Key Highlights

  • At the end of Q2-2019, Romspen Mortgage Investment Fund (“RMIF”, “fund”) had $2.70 billion in gross mortgage receivables and investments (up 1% YTD) secured by 156 properties (98 active mortgages, 33 investments in subsidiaries and 25 properties in a US Master Mortgage LP / USMLP).
  • In H1-2019, approximately $0.38 billion in mortgages were advanced (down 27% YoY), and $0.42 billion were repaid (up 36% YoY). The fund invested an additional $0.09 billion in the USMLP in H1-2019.
  • We believe the fund’s risk profile has stayed flat relative to the 2018 year-end portfolio – a higher exposure to first mortgages (99% at the end of Q2) and lower duration were offset by higher exposure to construction loans (33%) and an increase in non-performing loans.
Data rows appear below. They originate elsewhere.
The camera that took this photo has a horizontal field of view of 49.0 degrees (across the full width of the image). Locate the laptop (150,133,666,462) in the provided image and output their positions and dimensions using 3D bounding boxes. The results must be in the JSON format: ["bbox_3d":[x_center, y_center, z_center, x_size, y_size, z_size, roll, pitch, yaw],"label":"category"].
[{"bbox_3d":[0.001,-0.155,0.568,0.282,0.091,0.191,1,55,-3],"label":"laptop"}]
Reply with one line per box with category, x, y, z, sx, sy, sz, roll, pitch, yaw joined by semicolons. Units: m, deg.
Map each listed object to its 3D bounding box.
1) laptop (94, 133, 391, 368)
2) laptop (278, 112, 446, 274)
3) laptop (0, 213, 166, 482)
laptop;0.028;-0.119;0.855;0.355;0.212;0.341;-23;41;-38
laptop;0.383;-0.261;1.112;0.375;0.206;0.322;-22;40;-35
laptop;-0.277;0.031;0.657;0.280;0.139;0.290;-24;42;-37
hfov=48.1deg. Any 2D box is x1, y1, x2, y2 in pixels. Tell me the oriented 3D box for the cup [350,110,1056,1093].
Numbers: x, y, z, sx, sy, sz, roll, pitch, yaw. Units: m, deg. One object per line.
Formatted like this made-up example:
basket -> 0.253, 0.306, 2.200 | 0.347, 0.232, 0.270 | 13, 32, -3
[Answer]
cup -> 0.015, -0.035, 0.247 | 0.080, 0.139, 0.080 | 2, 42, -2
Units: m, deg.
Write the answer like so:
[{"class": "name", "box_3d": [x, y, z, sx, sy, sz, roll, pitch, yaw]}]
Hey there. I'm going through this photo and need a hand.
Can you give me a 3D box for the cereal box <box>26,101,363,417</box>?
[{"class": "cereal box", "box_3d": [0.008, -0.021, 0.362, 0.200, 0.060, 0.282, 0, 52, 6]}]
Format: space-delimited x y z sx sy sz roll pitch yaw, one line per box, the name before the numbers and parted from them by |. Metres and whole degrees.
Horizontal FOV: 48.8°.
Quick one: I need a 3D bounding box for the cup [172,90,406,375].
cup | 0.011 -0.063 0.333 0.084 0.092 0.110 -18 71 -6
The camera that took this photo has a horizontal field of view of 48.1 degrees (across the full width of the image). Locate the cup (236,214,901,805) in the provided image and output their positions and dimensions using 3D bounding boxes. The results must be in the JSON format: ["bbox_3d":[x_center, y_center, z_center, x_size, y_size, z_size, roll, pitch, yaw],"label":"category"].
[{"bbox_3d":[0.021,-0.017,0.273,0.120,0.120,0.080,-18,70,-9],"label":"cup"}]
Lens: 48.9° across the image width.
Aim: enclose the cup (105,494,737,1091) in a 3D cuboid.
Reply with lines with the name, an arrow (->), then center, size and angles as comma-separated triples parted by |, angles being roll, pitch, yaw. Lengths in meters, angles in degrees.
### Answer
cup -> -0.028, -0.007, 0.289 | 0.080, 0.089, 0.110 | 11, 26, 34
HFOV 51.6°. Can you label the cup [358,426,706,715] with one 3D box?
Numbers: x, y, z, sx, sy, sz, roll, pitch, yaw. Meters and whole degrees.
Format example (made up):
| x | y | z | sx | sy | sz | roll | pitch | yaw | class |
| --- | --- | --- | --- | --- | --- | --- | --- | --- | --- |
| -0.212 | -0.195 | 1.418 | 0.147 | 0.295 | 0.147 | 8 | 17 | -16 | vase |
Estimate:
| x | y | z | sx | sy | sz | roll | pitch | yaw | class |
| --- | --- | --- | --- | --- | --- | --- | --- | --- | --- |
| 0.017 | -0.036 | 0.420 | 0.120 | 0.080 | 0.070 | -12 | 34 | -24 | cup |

  • The fund had a realized loss of 0.29% of mortgages and investment in subsidiaries (net) in H1-2019, versus 0.24% in 2018 (full year).
  • The portfolio’s exposure to mortgages in the U.S. (47%) and B.C. (19%) increased, with a corresponding decline in Ontario (“ON” / 21%).
  • The Net Asset Value (“NAV”) was $9.91 per unit at the end of H1-2019, versus $9.96 at the end of 2018, reflecting a 0.5% decrease due to a $15 million loss in FOREX.
  • Investors’ received 7.5% in H1-2019, versus the 2018 full-year’s 7.5%. The annual return for investors has averaged 8.5% since 2006. We expect returns to stay at approximately 7.5% in 2020.